THE INPUT:
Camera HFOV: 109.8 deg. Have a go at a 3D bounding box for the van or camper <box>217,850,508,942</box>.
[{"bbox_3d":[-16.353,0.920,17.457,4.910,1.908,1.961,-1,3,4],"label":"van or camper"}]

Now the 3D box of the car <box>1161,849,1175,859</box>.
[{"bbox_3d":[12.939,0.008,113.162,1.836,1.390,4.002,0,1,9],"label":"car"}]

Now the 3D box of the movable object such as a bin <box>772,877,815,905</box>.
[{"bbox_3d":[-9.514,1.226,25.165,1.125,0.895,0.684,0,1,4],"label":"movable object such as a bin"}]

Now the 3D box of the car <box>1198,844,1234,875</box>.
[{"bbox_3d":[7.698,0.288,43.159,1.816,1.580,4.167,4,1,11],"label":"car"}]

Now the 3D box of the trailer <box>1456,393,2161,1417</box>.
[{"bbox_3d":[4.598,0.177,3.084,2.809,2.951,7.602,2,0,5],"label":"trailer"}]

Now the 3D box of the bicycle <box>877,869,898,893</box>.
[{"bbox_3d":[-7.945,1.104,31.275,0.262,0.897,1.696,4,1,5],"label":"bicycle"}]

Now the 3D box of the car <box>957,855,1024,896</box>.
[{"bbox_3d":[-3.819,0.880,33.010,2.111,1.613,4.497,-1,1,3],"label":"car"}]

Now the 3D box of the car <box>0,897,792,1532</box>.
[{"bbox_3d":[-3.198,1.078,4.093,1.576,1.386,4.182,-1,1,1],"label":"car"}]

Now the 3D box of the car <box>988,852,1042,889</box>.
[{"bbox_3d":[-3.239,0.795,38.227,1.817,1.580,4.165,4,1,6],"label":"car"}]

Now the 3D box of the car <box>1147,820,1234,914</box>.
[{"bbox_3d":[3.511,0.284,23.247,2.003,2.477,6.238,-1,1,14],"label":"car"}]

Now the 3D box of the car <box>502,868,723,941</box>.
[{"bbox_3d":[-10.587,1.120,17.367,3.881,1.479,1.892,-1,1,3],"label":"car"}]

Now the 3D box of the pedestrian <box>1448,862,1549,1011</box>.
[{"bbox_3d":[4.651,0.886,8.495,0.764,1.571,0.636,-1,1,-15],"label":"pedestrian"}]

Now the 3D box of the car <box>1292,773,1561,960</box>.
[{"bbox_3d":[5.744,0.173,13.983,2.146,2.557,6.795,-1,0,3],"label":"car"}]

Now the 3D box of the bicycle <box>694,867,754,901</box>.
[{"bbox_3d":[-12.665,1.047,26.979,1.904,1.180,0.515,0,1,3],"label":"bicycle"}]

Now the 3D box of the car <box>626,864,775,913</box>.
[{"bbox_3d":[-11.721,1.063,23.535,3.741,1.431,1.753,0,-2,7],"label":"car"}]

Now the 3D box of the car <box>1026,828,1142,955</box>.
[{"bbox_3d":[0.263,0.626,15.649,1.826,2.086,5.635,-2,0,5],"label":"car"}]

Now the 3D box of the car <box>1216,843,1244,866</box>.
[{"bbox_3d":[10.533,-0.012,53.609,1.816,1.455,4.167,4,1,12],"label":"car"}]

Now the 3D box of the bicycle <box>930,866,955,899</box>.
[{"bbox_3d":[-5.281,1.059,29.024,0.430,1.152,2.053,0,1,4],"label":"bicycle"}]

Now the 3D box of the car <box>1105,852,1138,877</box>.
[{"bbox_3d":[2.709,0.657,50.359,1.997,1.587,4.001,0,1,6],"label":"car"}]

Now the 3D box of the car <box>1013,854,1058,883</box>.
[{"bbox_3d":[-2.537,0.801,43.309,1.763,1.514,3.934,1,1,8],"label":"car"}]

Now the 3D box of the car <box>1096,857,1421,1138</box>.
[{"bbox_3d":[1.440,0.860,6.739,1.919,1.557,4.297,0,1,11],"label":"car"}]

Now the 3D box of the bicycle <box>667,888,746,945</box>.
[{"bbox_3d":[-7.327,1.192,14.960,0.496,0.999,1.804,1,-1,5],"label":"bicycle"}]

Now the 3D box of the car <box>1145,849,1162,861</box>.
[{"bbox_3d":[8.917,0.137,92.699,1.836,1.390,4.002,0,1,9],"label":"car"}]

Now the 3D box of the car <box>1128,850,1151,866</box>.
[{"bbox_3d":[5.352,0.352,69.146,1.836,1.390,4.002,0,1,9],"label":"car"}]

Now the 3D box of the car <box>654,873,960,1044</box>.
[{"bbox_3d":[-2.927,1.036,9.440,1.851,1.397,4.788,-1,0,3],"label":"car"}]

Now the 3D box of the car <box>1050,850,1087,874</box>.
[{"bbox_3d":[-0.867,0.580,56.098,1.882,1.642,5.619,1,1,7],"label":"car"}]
---
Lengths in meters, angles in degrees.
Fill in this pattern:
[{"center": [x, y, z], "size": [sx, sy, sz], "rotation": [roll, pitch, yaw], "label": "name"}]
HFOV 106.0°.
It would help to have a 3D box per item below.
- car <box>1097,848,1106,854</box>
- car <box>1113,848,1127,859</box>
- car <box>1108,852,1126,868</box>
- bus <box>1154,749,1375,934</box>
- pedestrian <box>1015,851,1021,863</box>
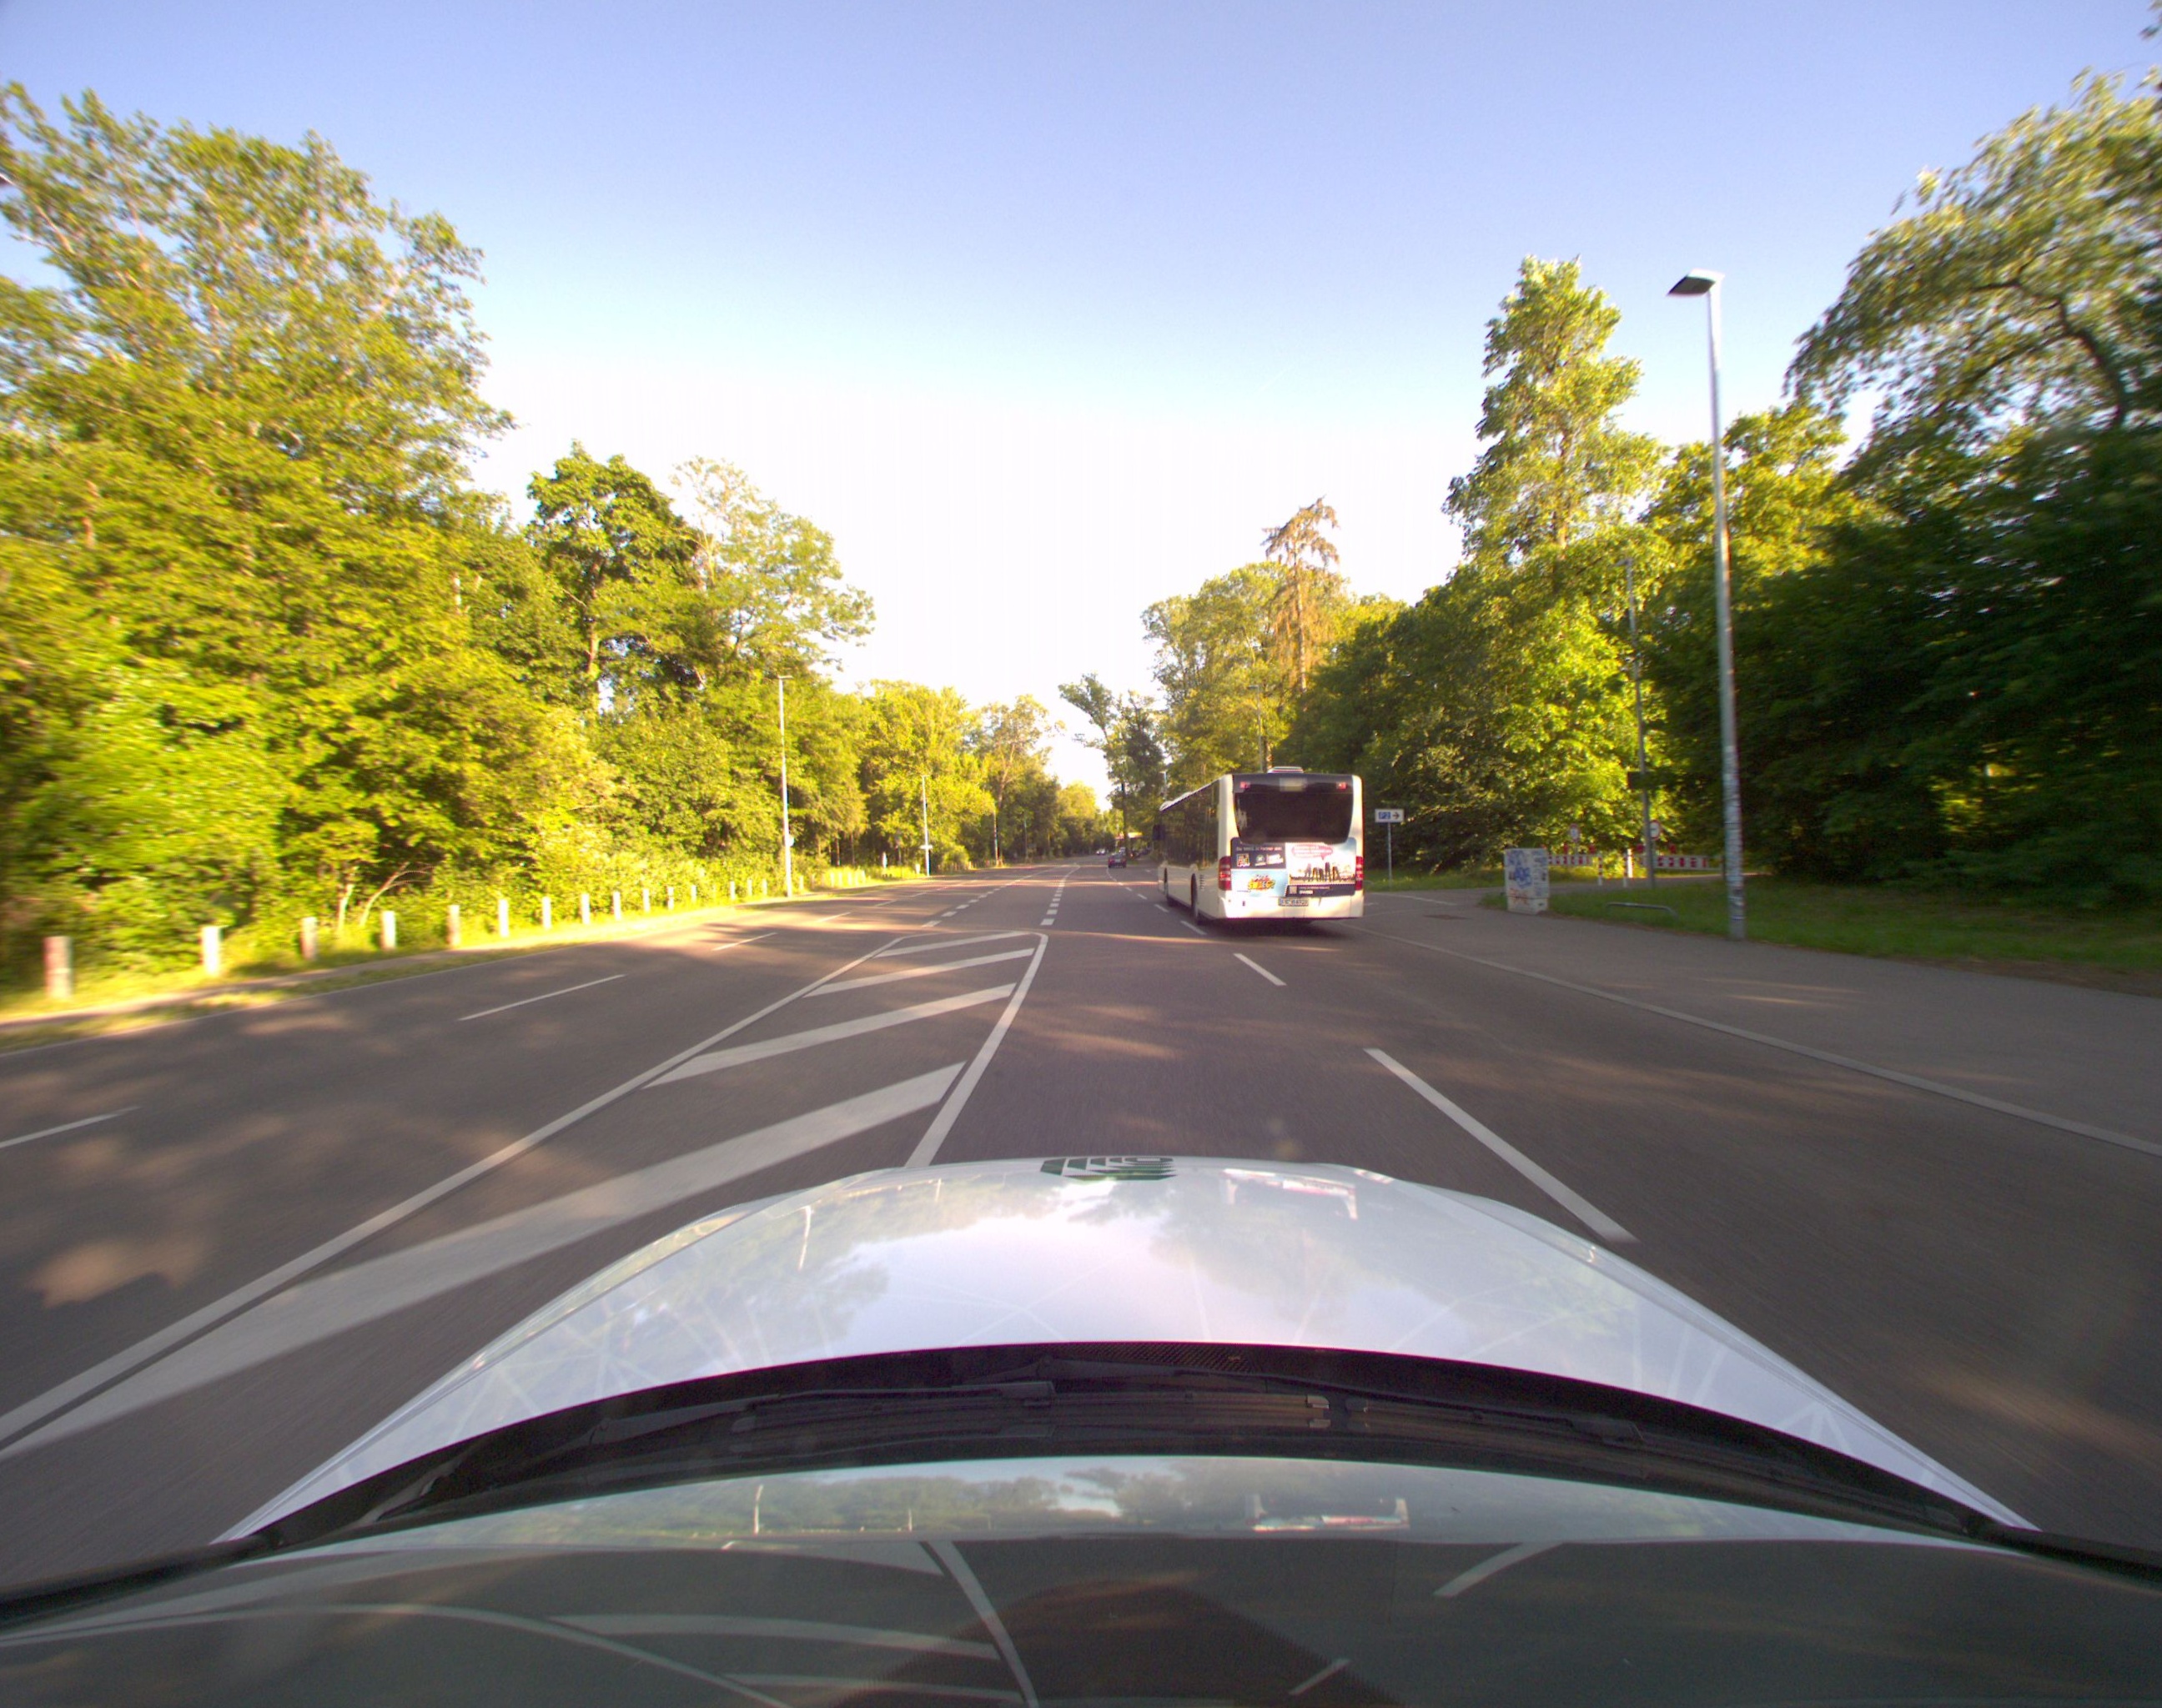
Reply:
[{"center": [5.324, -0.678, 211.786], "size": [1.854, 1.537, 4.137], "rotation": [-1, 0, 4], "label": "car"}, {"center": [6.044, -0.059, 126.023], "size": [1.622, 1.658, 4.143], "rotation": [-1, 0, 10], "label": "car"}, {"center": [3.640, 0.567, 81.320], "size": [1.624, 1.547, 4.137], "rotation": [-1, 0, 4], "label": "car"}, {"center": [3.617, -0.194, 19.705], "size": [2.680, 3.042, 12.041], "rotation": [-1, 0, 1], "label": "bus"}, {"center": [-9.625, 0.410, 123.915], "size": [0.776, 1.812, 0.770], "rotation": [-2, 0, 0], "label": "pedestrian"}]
* * *
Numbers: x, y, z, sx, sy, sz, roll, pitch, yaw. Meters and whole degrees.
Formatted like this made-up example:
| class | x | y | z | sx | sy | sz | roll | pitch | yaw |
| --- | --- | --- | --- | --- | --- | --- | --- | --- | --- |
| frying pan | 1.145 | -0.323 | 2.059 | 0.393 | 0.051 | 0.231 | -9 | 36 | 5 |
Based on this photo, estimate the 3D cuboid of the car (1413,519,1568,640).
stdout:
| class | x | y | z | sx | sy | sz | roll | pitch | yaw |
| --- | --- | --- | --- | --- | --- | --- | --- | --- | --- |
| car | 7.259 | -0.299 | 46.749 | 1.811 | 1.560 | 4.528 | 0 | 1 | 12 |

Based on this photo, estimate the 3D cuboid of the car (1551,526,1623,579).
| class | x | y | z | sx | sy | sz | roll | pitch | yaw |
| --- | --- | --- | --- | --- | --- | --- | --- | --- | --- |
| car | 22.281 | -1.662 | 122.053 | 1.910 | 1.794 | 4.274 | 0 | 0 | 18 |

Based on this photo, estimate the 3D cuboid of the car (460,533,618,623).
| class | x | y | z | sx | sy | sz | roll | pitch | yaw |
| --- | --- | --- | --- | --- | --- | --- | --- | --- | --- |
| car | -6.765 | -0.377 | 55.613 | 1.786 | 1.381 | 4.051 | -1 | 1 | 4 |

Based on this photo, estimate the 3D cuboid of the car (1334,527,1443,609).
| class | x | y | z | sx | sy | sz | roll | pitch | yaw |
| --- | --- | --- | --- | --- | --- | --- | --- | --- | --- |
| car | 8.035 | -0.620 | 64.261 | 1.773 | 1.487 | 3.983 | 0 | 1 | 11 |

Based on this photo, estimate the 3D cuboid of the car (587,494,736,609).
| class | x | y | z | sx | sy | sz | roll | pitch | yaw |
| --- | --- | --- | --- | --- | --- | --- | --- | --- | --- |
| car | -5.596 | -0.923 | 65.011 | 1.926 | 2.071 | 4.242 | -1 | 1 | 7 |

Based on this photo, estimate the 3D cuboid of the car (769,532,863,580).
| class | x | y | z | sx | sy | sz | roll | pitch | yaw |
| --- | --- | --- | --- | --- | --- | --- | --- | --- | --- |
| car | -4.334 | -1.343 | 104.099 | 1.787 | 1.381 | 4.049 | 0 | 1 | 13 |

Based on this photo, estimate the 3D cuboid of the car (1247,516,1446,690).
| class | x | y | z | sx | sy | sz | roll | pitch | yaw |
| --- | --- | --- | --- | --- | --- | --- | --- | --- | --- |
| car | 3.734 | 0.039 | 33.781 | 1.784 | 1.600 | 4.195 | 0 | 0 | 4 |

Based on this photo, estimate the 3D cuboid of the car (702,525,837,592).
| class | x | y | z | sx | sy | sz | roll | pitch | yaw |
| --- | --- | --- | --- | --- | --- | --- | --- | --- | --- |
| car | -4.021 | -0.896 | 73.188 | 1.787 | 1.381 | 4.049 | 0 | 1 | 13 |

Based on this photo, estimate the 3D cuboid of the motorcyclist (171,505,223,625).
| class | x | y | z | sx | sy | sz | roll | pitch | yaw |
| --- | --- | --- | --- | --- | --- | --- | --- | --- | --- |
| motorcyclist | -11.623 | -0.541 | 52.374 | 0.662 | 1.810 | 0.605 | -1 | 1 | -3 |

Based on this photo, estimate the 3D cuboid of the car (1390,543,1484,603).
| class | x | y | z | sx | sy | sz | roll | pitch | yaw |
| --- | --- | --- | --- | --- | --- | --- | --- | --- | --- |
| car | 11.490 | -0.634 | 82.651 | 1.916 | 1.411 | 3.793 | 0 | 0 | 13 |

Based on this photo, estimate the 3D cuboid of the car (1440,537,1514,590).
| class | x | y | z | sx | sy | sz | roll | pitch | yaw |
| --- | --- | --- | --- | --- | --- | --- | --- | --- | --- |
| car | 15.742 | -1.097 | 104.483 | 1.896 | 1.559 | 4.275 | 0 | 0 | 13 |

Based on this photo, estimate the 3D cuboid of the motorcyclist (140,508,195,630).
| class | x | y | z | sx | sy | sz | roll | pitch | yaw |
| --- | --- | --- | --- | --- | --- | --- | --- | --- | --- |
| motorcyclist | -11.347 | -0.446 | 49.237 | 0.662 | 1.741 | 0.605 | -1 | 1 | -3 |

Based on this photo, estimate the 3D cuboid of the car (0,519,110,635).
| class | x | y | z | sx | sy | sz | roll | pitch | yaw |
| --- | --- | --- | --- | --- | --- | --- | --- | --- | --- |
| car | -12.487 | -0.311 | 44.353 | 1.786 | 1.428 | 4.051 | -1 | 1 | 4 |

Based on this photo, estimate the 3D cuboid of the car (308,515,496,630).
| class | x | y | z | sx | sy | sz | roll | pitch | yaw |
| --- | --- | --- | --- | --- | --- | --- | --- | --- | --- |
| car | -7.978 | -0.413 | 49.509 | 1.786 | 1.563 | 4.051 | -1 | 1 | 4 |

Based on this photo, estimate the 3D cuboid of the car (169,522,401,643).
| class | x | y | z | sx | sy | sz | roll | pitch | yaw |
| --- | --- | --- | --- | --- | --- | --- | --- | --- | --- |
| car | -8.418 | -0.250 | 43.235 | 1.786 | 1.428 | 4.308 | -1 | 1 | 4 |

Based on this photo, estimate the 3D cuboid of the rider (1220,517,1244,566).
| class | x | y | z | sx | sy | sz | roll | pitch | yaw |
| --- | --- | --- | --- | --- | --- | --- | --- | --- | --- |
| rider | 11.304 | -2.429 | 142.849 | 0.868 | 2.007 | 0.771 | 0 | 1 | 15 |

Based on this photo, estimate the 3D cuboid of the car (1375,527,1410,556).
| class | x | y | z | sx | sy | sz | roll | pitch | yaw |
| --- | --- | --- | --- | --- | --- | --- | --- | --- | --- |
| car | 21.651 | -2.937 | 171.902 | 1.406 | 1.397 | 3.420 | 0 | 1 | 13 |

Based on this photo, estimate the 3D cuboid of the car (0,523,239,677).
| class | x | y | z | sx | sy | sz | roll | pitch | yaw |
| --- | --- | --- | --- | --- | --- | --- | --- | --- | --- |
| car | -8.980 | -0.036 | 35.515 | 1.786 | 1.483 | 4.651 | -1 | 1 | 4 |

WHAT YOU WILL DO:
Copy out each line of the material above that holds the word "degrees".

RESULT OF THIS EXERCISE:
Lengths in meters, angles in degrees.
Numbers: x, y, z, sx, sy, sz, roll, pitch, yaw. Meters and whole degrees.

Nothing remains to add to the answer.